Core Concepts¶
Papyra is not just a persistence backend. It is a persistence lifecycle system designed to make failure, recovery, inspection, and operational safety explicit.
This document explains the foundational ideas behind Papyra. Understanding these concepts will make the rest of the documentation significantly easier to reason about and apply in real systems.
1. Persistence Is a Lifecycle¶
Most systems treat persistence as a simple API:
write → read
Papyra treats persistence as a continuous lifecycle:
- Write
- Retain
- Scan
- Recover
- Compact
- Inspect
- Observe
Each phase exists because real systems:
- crash mid-write
- are upgraded while data lives on
- accumulate obsolete or invalid records
- require human operators to intervene
- must be debugged under time pressure
Papyra makes each phase explicit, testable, and automatable.
2. Append-Only First¶
All Papyra persistence backends follow one core rule:
Writes are append-only
This means: - No in-place mutation during normal operation - New records are always appended - Old data is never silently overwritten
Why append-only?¶
Append-only storage:
- makes partial writes detectable
- avoids catastrophic corruption
- enables deterministic recovery
- mirrors how production systems actually fail
Examples:
- JSON backend → newline-delimited append
- Redis Streams →
XADD - Future SQL backends → append-only tables or WAL-style patterns
Mutation only happens during explicit compaction or recovery.

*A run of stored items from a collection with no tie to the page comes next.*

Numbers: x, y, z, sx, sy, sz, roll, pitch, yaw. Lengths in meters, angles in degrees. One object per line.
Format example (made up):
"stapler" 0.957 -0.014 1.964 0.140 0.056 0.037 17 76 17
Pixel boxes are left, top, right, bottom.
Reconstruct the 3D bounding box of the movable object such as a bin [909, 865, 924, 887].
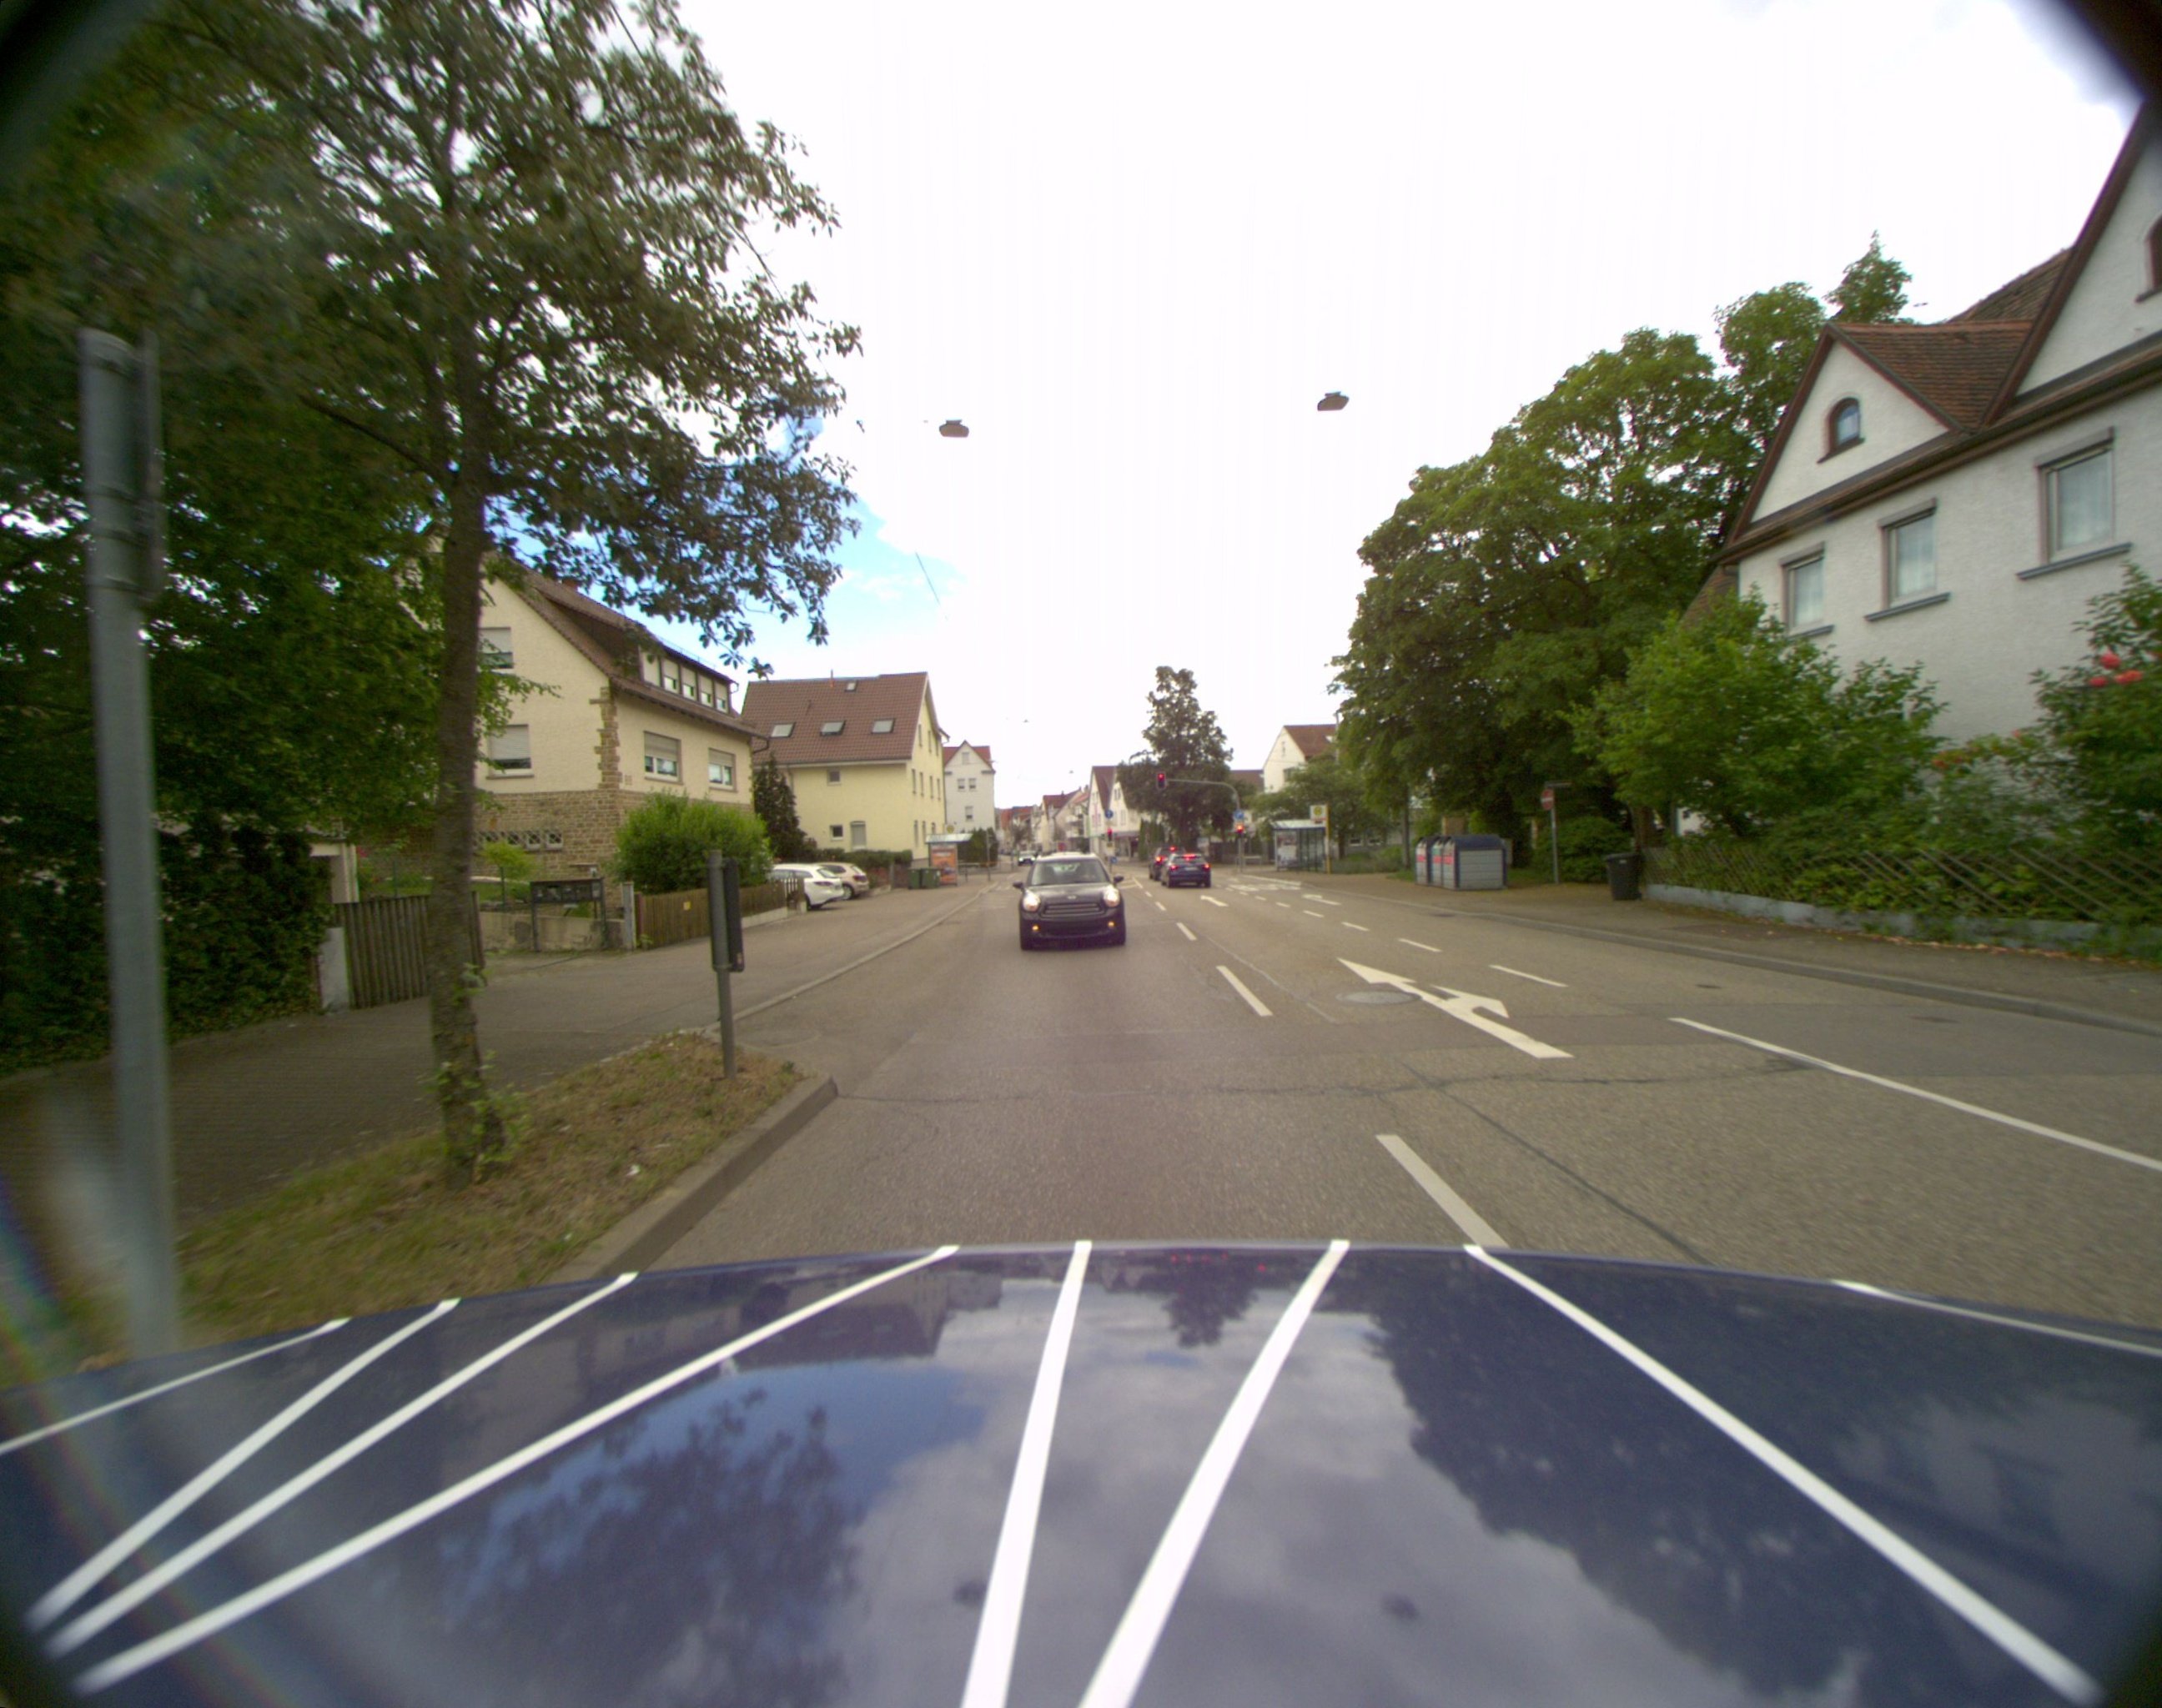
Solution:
"movable object such as a bin" -7.967 1.063 36.885 0.638 1.040 0.585 -1 2 -7

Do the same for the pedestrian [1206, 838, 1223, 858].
"pedestrian" 12.275 -0.526 69.933 1.226 1.744 0.825 -1 2 35

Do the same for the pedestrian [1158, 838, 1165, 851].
"pedestrian" 7.936 -0.973 75.021 0.383 1.255 0.549 -3 2 -20

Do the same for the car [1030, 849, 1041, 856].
"car" -8.798 -0.297 146.556 1.635 1.404 3.995 -1 1 -13

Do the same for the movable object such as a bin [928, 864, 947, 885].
"movable object such as a bin" -7.122 1.016 37.737 0.636 1.040 0.592 -2 2 26

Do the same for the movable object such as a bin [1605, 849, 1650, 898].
"movable object such as a bin" 12.044 0.420 16.772 0.718 1.013 0.724 -4 -1 33

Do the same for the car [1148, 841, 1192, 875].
"car" 4.572 0.160 39.486 1.762 1.626 4.594 1 2 1

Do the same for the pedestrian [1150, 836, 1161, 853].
"pedestrian" 7.342 -0.914 74.894 0.642 1.596 0.865 -3 2 -20

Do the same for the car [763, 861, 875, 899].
"car" -10.144 0.991 29.613 3.814 1.394 1.639 0 2 -4

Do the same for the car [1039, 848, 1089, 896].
"car" -0.688 0.662 30.768 1.811 1.556 4.615 -2 3 -1

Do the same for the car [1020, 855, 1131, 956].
"car" -0.163 0.815 13.977 1.694 1.507 3.999 -2 0 -2

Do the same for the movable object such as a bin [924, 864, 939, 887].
"movable object such as a bin" -7.262 1.036 36.968 0.638 1.040 0.585 -3 2 -7

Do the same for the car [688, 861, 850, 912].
"car" -9.918 1.002 24.428 4.431 1.480 1.864 0 2 0

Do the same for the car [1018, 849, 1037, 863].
"car" -6.457 0.228 91.103 1.847 1.510 3.996 -3 2 -9

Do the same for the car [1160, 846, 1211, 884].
"car" 4.364 0.415 32.224 1.568 1.412 4.129 -1 2 0

3. Logical State vs Physical State¶
Papyra makes a strict distinction between:
Logical state¶
What the application considers valid:
- active events
- recent audits
- relevant dead letters
Physical state¶
What actually exists in storage:
- expired records
- corrupted entries
- quarantined data
- unused disk space
Retention, scanning, and compaction bridge this gap.

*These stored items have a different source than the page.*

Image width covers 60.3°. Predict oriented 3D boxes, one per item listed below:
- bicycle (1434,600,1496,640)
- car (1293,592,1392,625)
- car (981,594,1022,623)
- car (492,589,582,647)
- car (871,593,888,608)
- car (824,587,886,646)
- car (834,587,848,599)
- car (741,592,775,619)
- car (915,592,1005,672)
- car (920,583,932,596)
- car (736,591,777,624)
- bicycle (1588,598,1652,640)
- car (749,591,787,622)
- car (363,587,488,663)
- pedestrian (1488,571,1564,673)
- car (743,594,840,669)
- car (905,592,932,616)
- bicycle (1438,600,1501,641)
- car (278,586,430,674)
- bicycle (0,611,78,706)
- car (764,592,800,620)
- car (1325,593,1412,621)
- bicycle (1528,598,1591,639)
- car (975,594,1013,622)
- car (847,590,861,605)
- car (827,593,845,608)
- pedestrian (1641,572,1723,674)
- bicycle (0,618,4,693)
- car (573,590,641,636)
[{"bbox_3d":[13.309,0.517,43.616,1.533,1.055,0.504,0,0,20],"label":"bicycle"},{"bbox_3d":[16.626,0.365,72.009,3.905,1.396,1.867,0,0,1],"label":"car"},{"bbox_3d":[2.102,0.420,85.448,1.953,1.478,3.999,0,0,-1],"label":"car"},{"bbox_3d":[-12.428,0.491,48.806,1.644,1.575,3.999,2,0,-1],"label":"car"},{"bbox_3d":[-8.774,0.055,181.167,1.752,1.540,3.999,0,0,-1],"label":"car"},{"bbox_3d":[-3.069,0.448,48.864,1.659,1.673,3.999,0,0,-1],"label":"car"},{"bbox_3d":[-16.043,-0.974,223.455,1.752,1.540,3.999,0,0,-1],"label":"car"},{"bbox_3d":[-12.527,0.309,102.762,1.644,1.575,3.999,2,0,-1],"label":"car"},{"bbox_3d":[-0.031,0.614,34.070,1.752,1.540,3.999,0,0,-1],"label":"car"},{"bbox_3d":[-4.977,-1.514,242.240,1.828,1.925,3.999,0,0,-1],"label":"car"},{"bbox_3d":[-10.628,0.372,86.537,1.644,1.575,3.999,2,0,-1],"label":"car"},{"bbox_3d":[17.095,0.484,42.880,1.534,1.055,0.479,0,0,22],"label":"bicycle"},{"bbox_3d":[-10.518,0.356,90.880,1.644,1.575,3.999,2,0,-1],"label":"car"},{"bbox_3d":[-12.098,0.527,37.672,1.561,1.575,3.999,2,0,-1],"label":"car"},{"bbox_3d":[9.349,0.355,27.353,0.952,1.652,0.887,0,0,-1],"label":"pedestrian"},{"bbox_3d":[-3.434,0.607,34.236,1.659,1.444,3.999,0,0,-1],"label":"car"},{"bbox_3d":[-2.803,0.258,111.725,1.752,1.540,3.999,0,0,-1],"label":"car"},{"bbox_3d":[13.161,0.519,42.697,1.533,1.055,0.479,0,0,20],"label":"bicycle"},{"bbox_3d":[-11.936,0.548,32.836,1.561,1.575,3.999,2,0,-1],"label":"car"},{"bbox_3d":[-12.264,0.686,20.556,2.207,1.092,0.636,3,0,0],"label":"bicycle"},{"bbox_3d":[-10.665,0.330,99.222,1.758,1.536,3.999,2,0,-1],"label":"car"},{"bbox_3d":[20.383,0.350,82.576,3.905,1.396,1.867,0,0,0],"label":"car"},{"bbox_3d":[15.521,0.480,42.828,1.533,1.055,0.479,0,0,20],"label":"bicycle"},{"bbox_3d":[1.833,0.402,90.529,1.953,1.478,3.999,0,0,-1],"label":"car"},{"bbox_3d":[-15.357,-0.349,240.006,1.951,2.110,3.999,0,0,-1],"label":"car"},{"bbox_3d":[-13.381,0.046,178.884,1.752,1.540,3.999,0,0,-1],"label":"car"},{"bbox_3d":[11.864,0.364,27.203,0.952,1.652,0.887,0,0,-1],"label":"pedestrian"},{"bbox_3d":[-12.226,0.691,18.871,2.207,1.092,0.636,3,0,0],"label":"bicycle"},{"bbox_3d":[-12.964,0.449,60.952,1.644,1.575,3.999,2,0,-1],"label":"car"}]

Nothing disappears implicitly.
4. Retention Is Not Deletion¶
Retention in Papyra is logical filtering, not immediate deletion.
A retention policy may specify:
- maximum record count
- maximum age
- maximum total bytes
Retention is applied:
- during reads
- during inspection
- during compaction
This ensures:
- deterministic behavior
- safe upgrades
- predictable recovery
Deletion only happens during explicit compaction.
5. Scanning: Detecting Reality¶
The scan() phase answers one question:
“Is the stored data structurally valid?”
Scanning detects:
- truncated records
- invalid JSON
- missing required fields
- backend-specific inconsistencies
Key properties:
- read-only
- safe to run anytime
- sample-based where necessary
- backend-aware
If a backend cannot support scanning, it must explicitly say so.
6. Anomalies Are First-Class¶
When something is wrong, Papyra does not hide it.
An anomaly includes:
- type (corruption, truncation, invalid record)
- location (file, stream, key)
- human-readable details
Anomalies:
- are returned programmatically
- are visible via CLI
- can block startup
- can trigger automated recovery
Nothing is auto-fixed without visibility.
7. Recovery Is Explicit¶
Recovery never happens implicitly.
You must explicitly choose:
- when recovery runs
- which strategy is used
- what happens to corrupted data
Supported strategies:
- REPAIR → fix in place when possible
- QUARANTINE → move corrupted data aside
- IGNORE → acknowledge risk and continue
Every recovery is followed by a post-recovery scan.
8. Startup Safety Modes¶
Papyra formalizes startup behavior via explicit modes:
-
IGNORE- Start regardless of anomalies -
FAIL_ON_ANOMALY- Fail fast if anything is wrong -
RECOVER- Attempt recovery, then re-scan
These modes exist because environments differ:
- local development
- CI pipelines
- production deployments
- emergency maintenance
Startup behavior is never implicit.
9. Compaction Is Physical Maintenance¶
Compaction is the only operation that:
- rewrites data
- reclaims disk space
- removes expired records physically
Compaction:
- is explicit
- is backend-specific
- is safe by design
- respects retention policies
Running compaction is an operational decision, not a side effect.
10. Inspection Is for Humans¶
Inspection exists for operators and developers.
The inspect phase provides:
- backend identity
- retention configuration
- approximate data volumes
- metrics snapshots (if supported)
Inspection favors clarity over completeness.
It is designed to answer:
“Is this system behaving the way I expect?”
11. Observability Is Built In¶
Papyra exposes internal metrics:
- write counts
- error counts
- scan results
- recovery outcomes
- compaction statistics
Metrics:
- are backend-aware
- can be reset
- can be exported
- integrate naturally with monitoring systems
This makes Papyra suitable for production environments that require visibility.
12. Philosophy Summary¶
Papyra is built on a few non-negotiable principles:
- Failure is normal
- Corruption must be visible
- Recovery must be explicit
- Operators must be empowered
- Data must never disappear silently
If you understand these principles, you understand Papyra.
The rest of the documentation builds directly on them.